The service I’m using for this example currently has a minimum instance count of 2 (max: 10) and bluegreen
deploy but this occurs with the default deploy method and 1 instance too.
I wrote a script that will log the fly status
every 5 seconds, then make a request to the service and log the result. I ran the script while running a deploy and observed the following based on the output of fly status
:
- As the deploy is starting, the 2 existing instances have a status of
running
and aDesiredStatus
ofrun
- As the deploy is finishing, an additional 2 instances (of the new version) are brought online and once their health checks are passing (
status
ispassing
) I can see there are now 4 instances (2 of old, 2 of new) each with a status ofrunning
andDesiredStatus
ofrun
: the service continues to respond to http requests for the next ~10 seconds - The 2 old version instances begin to shut down: the status is
running
and theDesiredStatus
isstop
… and now all HTTP requests to the service are hanging, no requests are being received by any of my instances (per the “Monitoring” for the app) - After about a minute, once the old instances are gone, any pending requests receive a response
Essentially, as soon as “Starting clean up” appears in the logs, requests start hanging:
2022-12-08T17:48:36.058 runner[4fce3290] lhr [info] Shutting down virtual machine
2022-12-08T17:48:36.151 app[4fce3290] lhr [info] Sending signal SIGINT to main child process w/ PID 520
2022-12-08T17:48:36.158 runner[5ae1ff91] lhr [info] Shutting down virtual machine
2022-12-08T17:48:36.255 app[5ae1ff91] lhr [info] Sending signal SIGINT to main child process w/ PID 520
2022-12-08T17:48:36.424 app[4fce3290] lhr [info] Starting clean up.

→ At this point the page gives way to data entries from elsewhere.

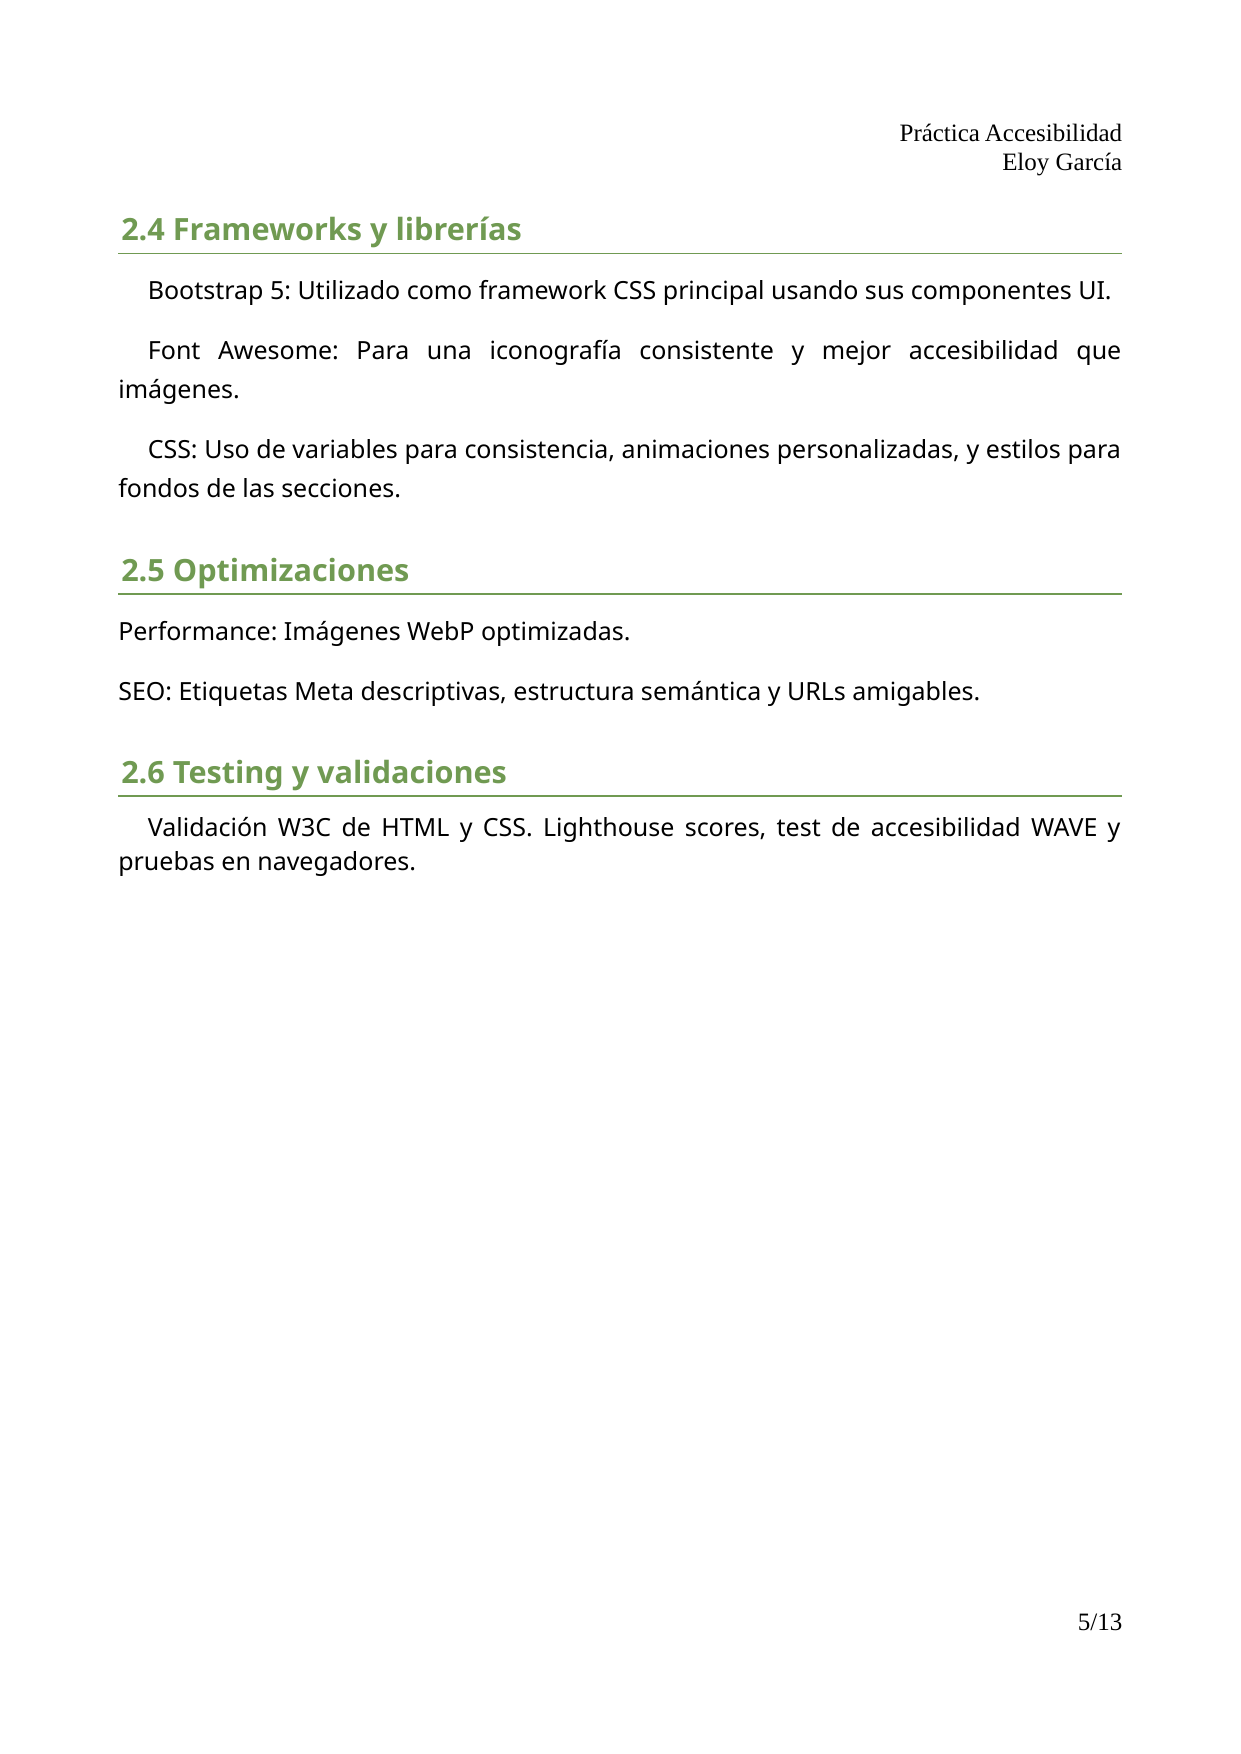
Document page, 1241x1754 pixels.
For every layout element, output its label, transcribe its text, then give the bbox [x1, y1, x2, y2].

text Performance: Imágenes WebP optimizadas. [118, 613, 1122, 647]
text CSS: Uso de variables para consistencia, animaciones personalizadas, y estilos para fondos de las secciones. [118, 432, 1122, 505]
subtitle 2.5 Optimizaciones [118, 546, 1122, 593]
subtitle 2.4 Frameworks y librerías [118, 205, 1122, 253]
subtitle 2.6 Testing y validaciones [118, 748, 1122, 795]
text SEO: Etiquetas Meta descriptivas, estructura semántica y URLs amigables. [118, 673, 1122, 707]
text Font Awesome: Para una iconografía consistente y mejor accesibilidad que imágenes. [118, 333, 1122, 406]
text Validación W3C de HTML y CSS. Lighthouse scores, test de accesibilidad WAVE y pruebas en navegadores. [118, 809, 1122, 878]
text Bootstrap 5: Utilizado como framework CSS principal usando sus componentes UI. [118, 273, 1122, 307]

2022-12-08T17:48:37.227 app[5ae1ff91] lhr [info] Starting clean up.
2022-12-08T17:49:25.856 app[2c56cf19] lhr [info] (my app output)
Note the 48 seconds between the last 2 lines (“Starting clean up” and “(my app output)”):
2022-12-08T17:48:37.227 app[5ae1ff91] lhr [info] Starting clean up.
2022-12-08T17:49:25.856 app[2c56cf19] lhr [info] (my app output)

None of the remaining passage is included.